Eifel-Ardennen-Radweg
Der Eifel-Ardennen-Radweg führt von Prüm bis St.Vith (Ostbelgien). Auf dieser Radtour auf dem Eifel-Ardennen-Radweg durchqueren wir ganz entspannt Landesgrenzen und Zeitepochen. Die deutsch-belgische Grenzregion erlebte in den letzten Jahrhunderten eine wechselhafte geopolitische Geschichte, die man auf der Strecke zwischen dem belgischen St. Vith und dem deutschen Städtchen Prüm hautnah erleben kann. Die Tour führt über eine ehemalige Bahntrasse, die zu Kaiserzeiten gebaut wurde.
Auch konditionell bringt die Tour den Radfahrer nicht an seine Grenzen: Ohne große Anstrengungen lassen sich die 36 km steigungsarm bewältigen. Auf dieser Route wechseln sich Waldpassagen mit freien Flächen und imposanten Ausblicken ab.
Kulinarische E-Bike-Rundreise
Diese kulinarische E-Bike-Rundreise führt Sie von Lüttich aus in die Ardennen - ein begehrtes Ziel bei Radfahrern, Wanderern und Kanuten, und nicht zuletzt bei Feinschmeckern! Auf den sogenannten Ravels, oft ehemaligen Bahntrassen, erkunden Sie mit Ihren Rädern die Flusstäler der Maas, der Molignée, der Lesse und der Ourthe.

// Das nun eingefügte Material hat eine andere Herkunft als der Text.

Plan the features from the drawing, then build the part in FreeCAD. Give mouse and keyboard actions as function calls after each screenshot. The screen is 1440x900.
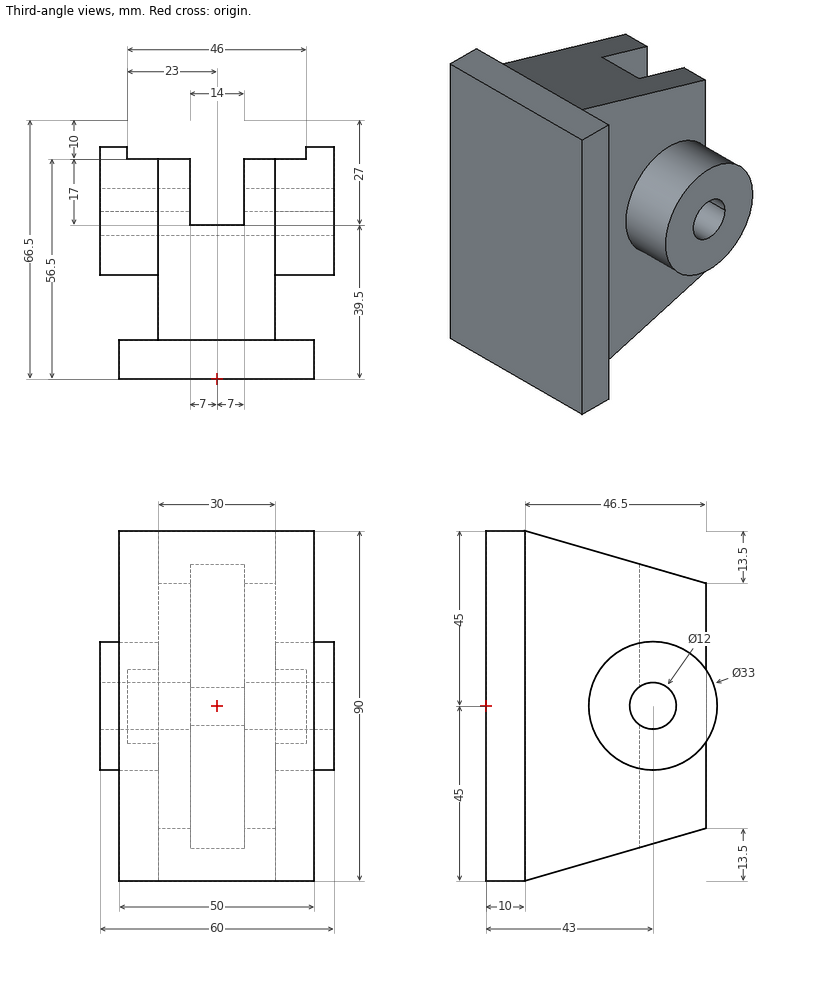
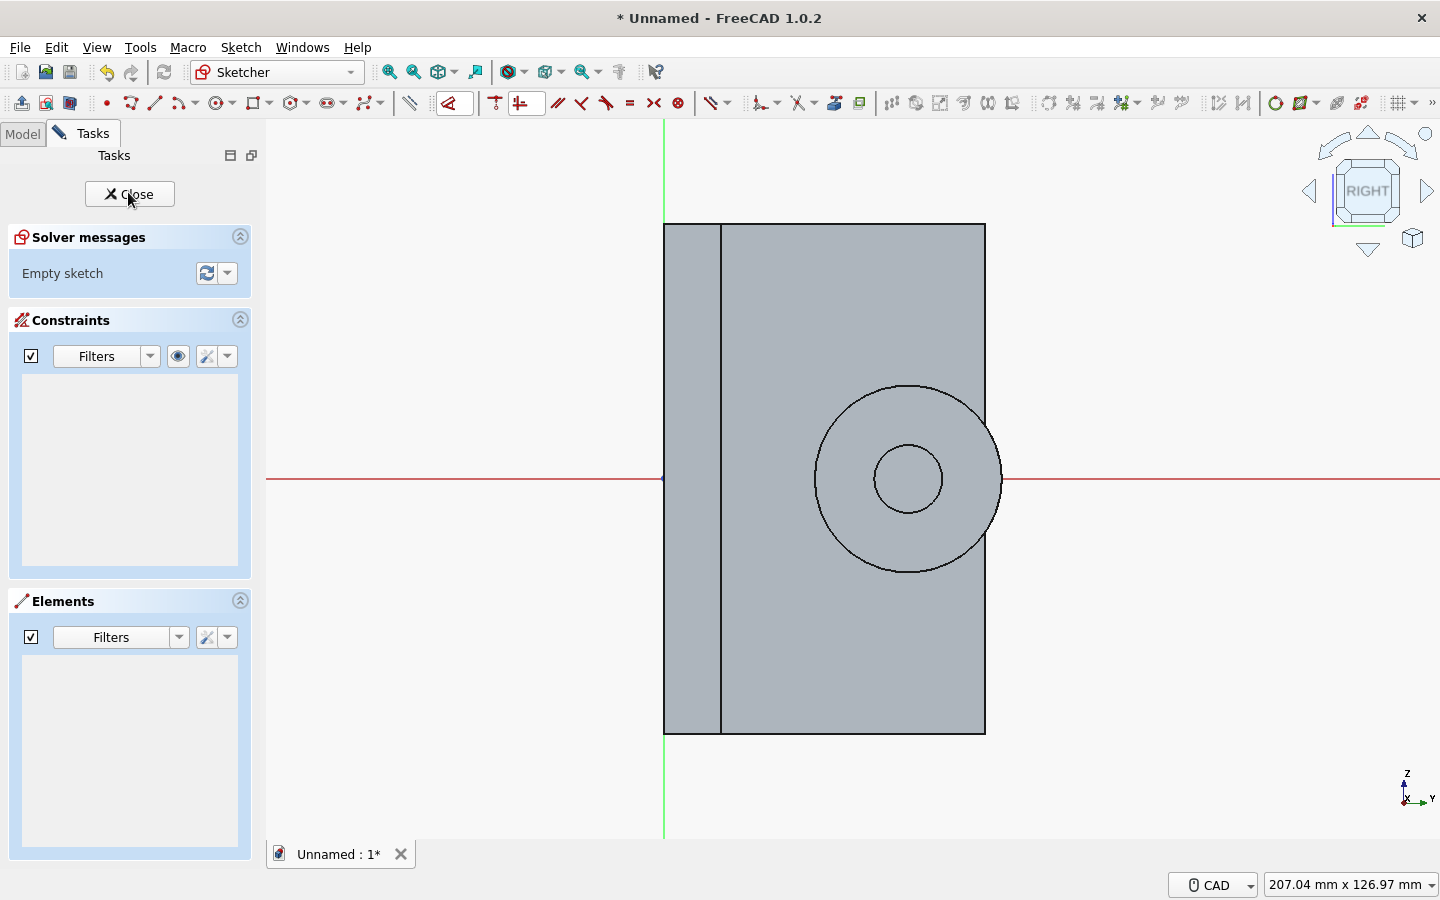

Einreisebestimmungen und Währung
Belgien ist Mitglied des Schengenabkommens. Für deutsche Bundesbürger ist ein Personalausweis ausreichend. Die Währung in Belgien ist der Euro (vergleichbar mit Deutschland).

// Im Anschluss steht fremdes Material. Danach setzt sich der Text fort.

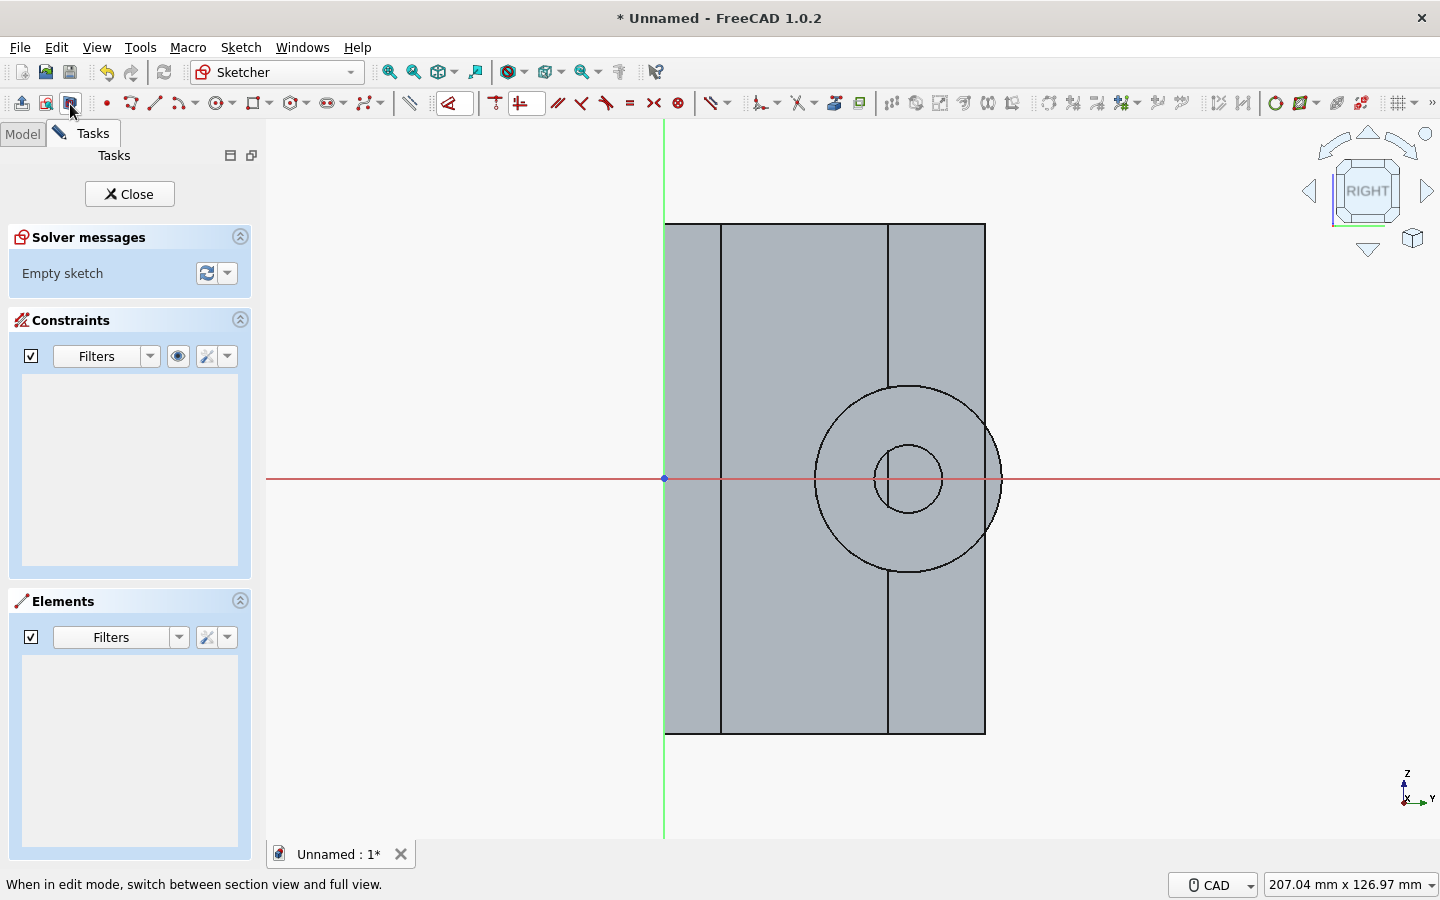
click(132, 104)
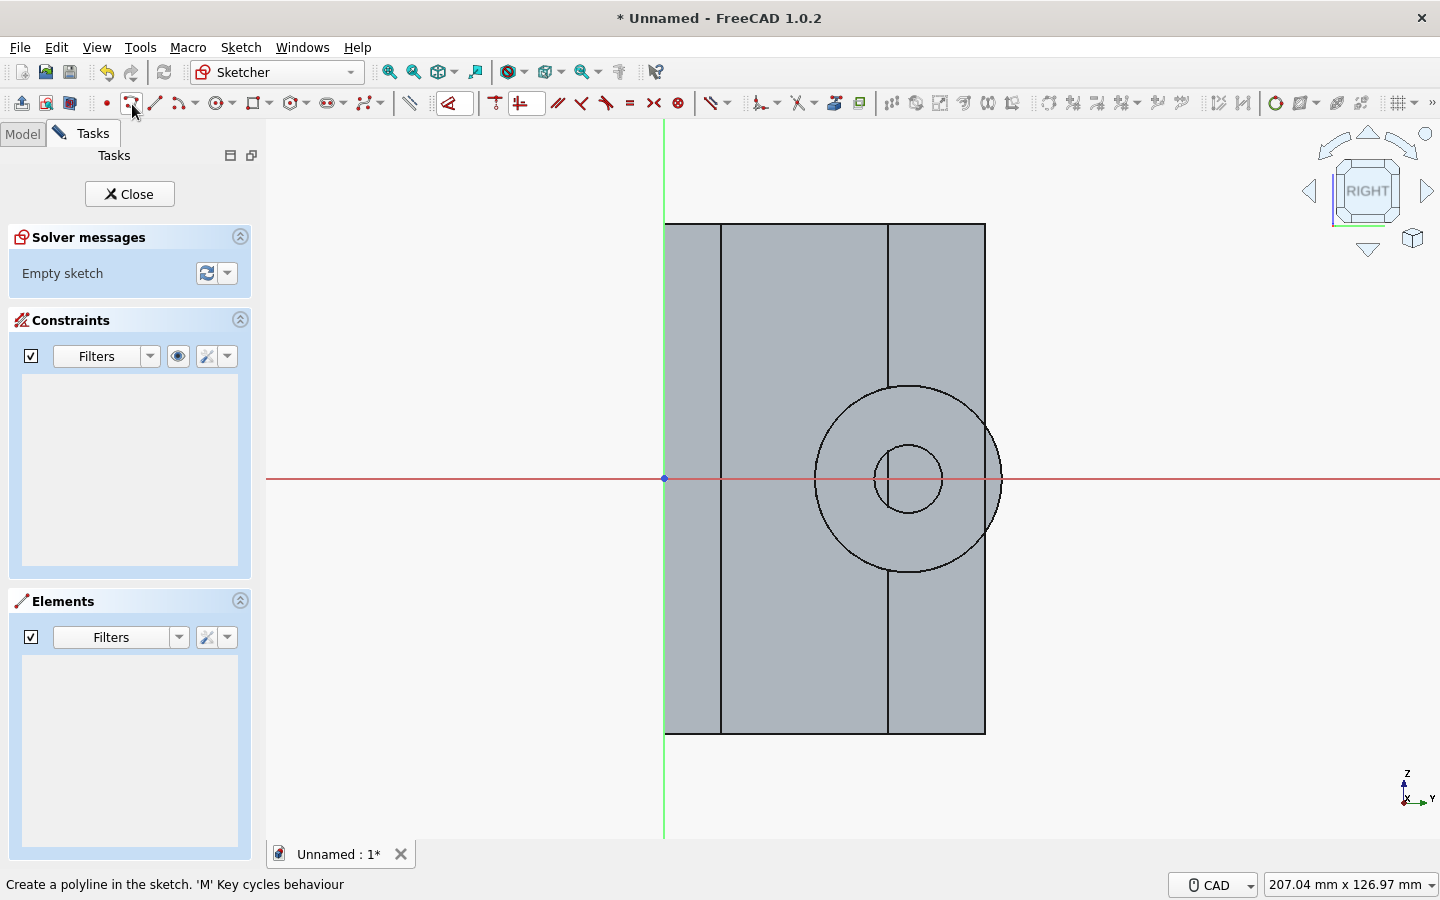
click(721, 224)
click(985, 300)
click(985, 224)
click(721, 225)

Anreise nach Belgien mit dem Fahrrad
Von Deutschland aus ist die Anreise nach Belgien mit dem Fahrrad leider nicht ganz unkompliziert: unter anderem, weil der Thalys und die meisten anderen internationalen Züge leider keine Fahrräder mitnehmen (bzw. im Fall von Thalys nur mit abmontierten Rädern und in einer flexiblen Hülle). Eine Ausnahme ist der European Sleeper, der von Berlin über Bad Bentheim und Amsterdam nach Brüssel fährt und bei dem man das Fahrrad unkompliziert dazubuchen kann. Ansonsten ist ggf. auch Flixbus eine Alternative, oder eine Zugverbindung über die Niederlande, zum Beispiel über Maastricht.
Hat man es erstmal nach Belgien geschafft, ist die Weiterreise unkompliziert, da so gut wie alle nationalen Züge Fahrräder transportieren. Das Tagesticket fürs Rad kostet 4 Euro (Stand 2023), Reservierungen sind nicht notwendig.